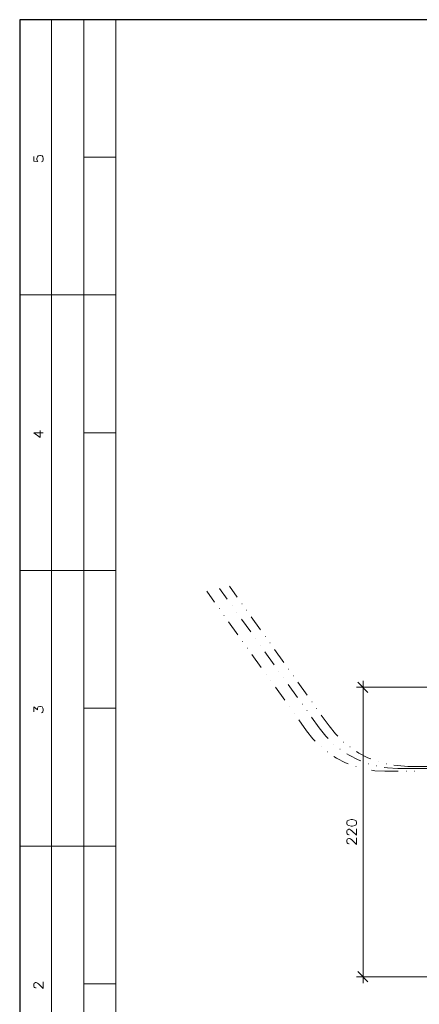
# Model space of a CAD drawing. Header units: millimetres. Extents: x 8 to 202, y 3 to 294.
# Tile 6 of 10: x 8 to 73, y 133 to 294. Entities that reach past the tile are written whole.
import ezdxf

# ---------------------------------------------------------------- set-up
doc = ezdxf.new("R2010")
doc.units = ezdxf.units.MM
doc.layers.add('DGE_CONTORNOS', color=7, linetype='Continuous', lineweight=0)

msp = doc.modelspace()

# ---------------------------------------------------------------- linework, layer by layer
at = {"layer": 'DGE_CONTORNOS', "lineweight": 25}
msp.add_lwpolyline([(201.9723, 293.9063), (7.874, 293.9063), (7.874, 3.2456)], dxfattribs=at)
at = {"layer": 'DGE_CONTORNOS', "lineweight": 5}
for points in [[(13.081, 293.9063), (13.081, 22.6343)], [(18.3303, 293.9063), (18.3303, 22.6343)], [(23.5797, 293.9063), (23.5797, 22.6343)], [(23.5797, 271.4697), (18.3303, 271.4697)], [(7.874, 248.9907), (23.5797, 248.9907)], [(23.5797, 226.5117), (18.3303, 226.5117)], [(7.874, 204.0327), (23.5797, 204.0327)], [(78.7823, 184.9827), (62.8227, 184.9827)], [(64.6853, 184.136), (63.0343, 185.8294)], [(63.881, 186.041), (63.881, 136.7227)], [(23.5797, 181.5537), (18.3303, 181.5537)], [(61.2563, 162.8), (61.2987, 162.546), (61.5527, 162.419), (61.9337, 162.3344), (62.1453, 162.3344), (62.5263, 162.419), (62.738, 162.546), (62.8227, 162.8), (62.8227, 162.927), (62.738, 163.181), (62.5263, 163.308), (62.1453, 163.3927), (61.9337, 163.3927), (61.5527, 163.308), (61.2987, 163.181), (61.2563, 162.927), (61.2563, 162.8)], [(61.595, 160.895), (61.5527, 160.895), (61.3833, 160.9797), (61.2987, 161.0644), (61.2563, 161.2337), (61.2563, 161.53), (61.2987, 161.657), (61.3833, 161.7417), (61.5527, 161.8264), (61.6797, 161.8264), (61.849, 161.7417), (62.0607, 161.5724), (62.8227, 160.8527), (62.8227, 161.8687)], [(7.874, 159.0747), (23.5797, 159.0747)], [(61.595, 159.4134), (61.5527, 159.4134), (61.3833, 159.498), (61.2987, 159.5827), (61.2563, 159.7097), (61.2563, 160.006), (61.2987, 160.1754), (61.3833, 160.26), (61.5527, 160.3024), (61.6797, 160.3024), (61.849, 160.26), (62.0607, 160.0907), (62.8227, 159.3287), (62.8227, 160.387)], [(63.0343, 138.5854), (64.6853, 136.892)], [(23.5797, 136.5957), (18.3303, 136.5957)], [(78.7823, 137.7387), (62.8227, 137.7387)]]:
    msp.add_lwpolyline(points, dxfattribs=at)
at = {"layer": 'DGE_CONTORNOS', "lineweight": 13}
for points in [[(10.16, 271.5967), (10.16, 270.8347), (10.8373, 270.75), (10.7527, 270.8347), (10.668, 271.0887), (10.668, 271.3003), (10.7527, 271.512), (10.8797, 271.6813), (11.1337, 271.766), (11.2607, 271.766), (11.5147, 271.6813), (11.6417, 271.512), (11.7263, 271.3003), (11.7263, 271.0887), (11.6417, 270.8347), (11.557, 270.75), (11.43, 270.7077)], [(10.16, 226.5117), (11.2183, 225.7497), (11.2183, 226.8504)], [(10.16, 226.5117), (11.7263, 226.5117)], [(10.16, 180.961), (10.16, 181.7653), (10.7527, 181.2997), (10.7527, 181.5537), (10.8373, 181.6807), (10.8797, 181.7653), (11.1337, 181.85), (11.2607, 181.85), (11.5147, 181.7653), (11.6417, 181.596), (11.7263, 181.3844), (11.7263, 181.1727), (11.6417, 180.961), (11.557, 180.8764), (11.43, 180.7917)], [(10.541, 135.9184), (10.4563, 135.9184), (10.287, 136.003), (10.2447, 136.0454), (10.16, 136.2147), (10.16, 136.511), (10.2447, 136.6804), (10.287, 136.7227), (10.4563, 136.8074), (10.5833, 136.8074), (10.7527, 136.7227), (10.9643, 136.5957), (11.7263, 135.8337), (11.7263, 136.892)]]:
    msp.add_lwpolyline(points, dxfattribs=at)
at = {"layer": 'DGE_CONTORNOS', "lineweight": 9}
for points in [[(41.7407, 199.3337), (40.4707, 201.1117)], [(43.3493, 199.6724), (42.0793, 201.4504)], [(39.6663, 198.868), (38.3963, 200.646)], [(40.4283, 197.8097), (40.4707, 197.8097)], [(42.5027, 198.2754), (42.545, 198.2754)], [(44.1113, 198.614), (44.1537, 198.614)], [(41.1903, 196.709), (41.2327, 196.709)], [(43.2647, 197.1747), (43.307, 197.1747)], [(45.5507, 193.9997), (44.0267, 196.1163)], [(44.8733, 197.5557), (44.9157, 197.5557)], [(47.1593, 194.3384), (45.6353, 196.455)], [(43.4763, 193.534), (41.9523, 195.6507)], [(46.3127, 192.9413), (46.355, 192.9413)], [(47.9213, 193.28), (47.9637, 193.28)], [(44.2383, 192.4757), (44.2807, 192.4757)], [(45.0003, 191.375), (45.0427, 191.375)], [(47.0747, 191.8407), (47.117, 191.8407)], [(48.6833, 192.2217), (48.7257, 192.2217)], [(47.2863, 188.2), (45.7623, 190.3167)], [(49.3607, 188.6657), (47.8367, 190.7823)], [(50.9693, 189.0044), (49.4453, 191.121)], [(48.0483, 187.1417), (48.0907, 187.1417)], [(50.1227, 187.565), (50.165, 187.565)], [(50.8847, 186.5067), (50.927, 186.5067)], [(51.7313, 187.946), (51.7737, 187.946)], [(52.4933, 186.8454), (52.5357, 186.8454)], [(48.8103, 186.041), (48.8527, 186.041)], [(51.0963, 182.866), (49.5723, 184.9827)], [(53.1707, 183.3317), (51.6467, 185.4483)], [(54.7793, 183.6704), (53.2553, 185.787)], [(51.8583, 181.7653), (51.9007, 181.7653)], [(53.9327, 182.231), (53.975, 182.231)], [(55.5413, 182.612), (55.5837, 182.612)], [(52.6203, 180.707), (52.6627, 180.707)], [(54.6947, 181.1727), (54.737, 181.1727)], [(56.7267, 178.3364), (55.4567, 180.1144)], [(56.3033, 181.5114), (56.3457, 181.5114)], [(58.3353, 178.675), (57.0653, 180.453)], [(54.6523, 177.8707), (53.3823, 179.6487)], [(56.7267, 178.3364), (57.785, 177.024), (58.166, 176.643)], [(58.3353, 178.675), (59.3937, 177.3627), (59.7747, 176.9817)], [(54.6523, 177.8707), (55.6683, 176.5584), (56.0917, 176.1774)], [(57.023, 175.246), (57.0653, 175.246)], [(59.0973, 175.7117), (59.1397, 175.7117)], [(60.706, 176.0504), (60.7483, 176.0504)], [(61.722, 175.246), (61.7643, 175.246)], [(58.039, 174.4417), (58.0813, 174.4417)], [(59.1397, 173.6797), (59.5207, 173.4257), (61.0023, 172.6637), (61.468, 172.4944)], [(60.1133, 174.865), (60.1557, 174.865)], [(61.214, 174.1454), (61.595, 173.8914), (63.0767, 173.1294), (63.5423, 172.96)], [(62.8227, 174.484), (63.2037, 174.23), (64.6853, 173.468), (65.151, 173.2987)], [(62.6957, 172.0287), (62.738, 172.0287)], [(64.77, 172.4944), (64.8123, 172.4944)], [(66.04, 172.1557), (66.0823, 172.1557)], [(66.3787, 172.833), (66.421, 172.833)], [(67.31, 171.9017), (67.8603, 171.817), (69.5537, 171.7324)], [(67.6487, 172.4944), (67.691, 172.4944)], [(68.9187, 172.2827), (69.5113, 172.198), (71.1623, 172.071)], [(71.1623, 172.071), (75.6497, 172.071)], [(63.9233, 171.69), (63.9657, 171.69)], [(65.2357, 171.4784), (65.786, 171.3514), (67.437, 171.2667)], [(67.437, 171.2667), (69.596, 171.2667)], [(69.5537, 171.7324), (75.6497, 171.7324)], [(70.9083, 171.2667), (70.9507, 171.2667)], [(72.2207, 171.2667), (72.263, 171.2667)]]:
    msp.add_lwpolyline(points, dxfattribs=at)

doc.saveas('drawing.dxf')

+-------+

**Work to complete**
Show each line in the data where the string "lineweight" appears.

**Result**
doc.layers.add('DGE_CONTORNOS', color=7, linetype='Continuous', lineweight=0)
at = {"layer": 'DGE_CONTORNOS', "lineweight": 25}
at = {"layer": 'DGE_CONTORNOS', "lineweight": 5}
at = {"layer": 'DGE_CONTORNOS', "lineweight": 13}
at = {"layer": 'DGE_CONTORNOS', "lineweight": 9}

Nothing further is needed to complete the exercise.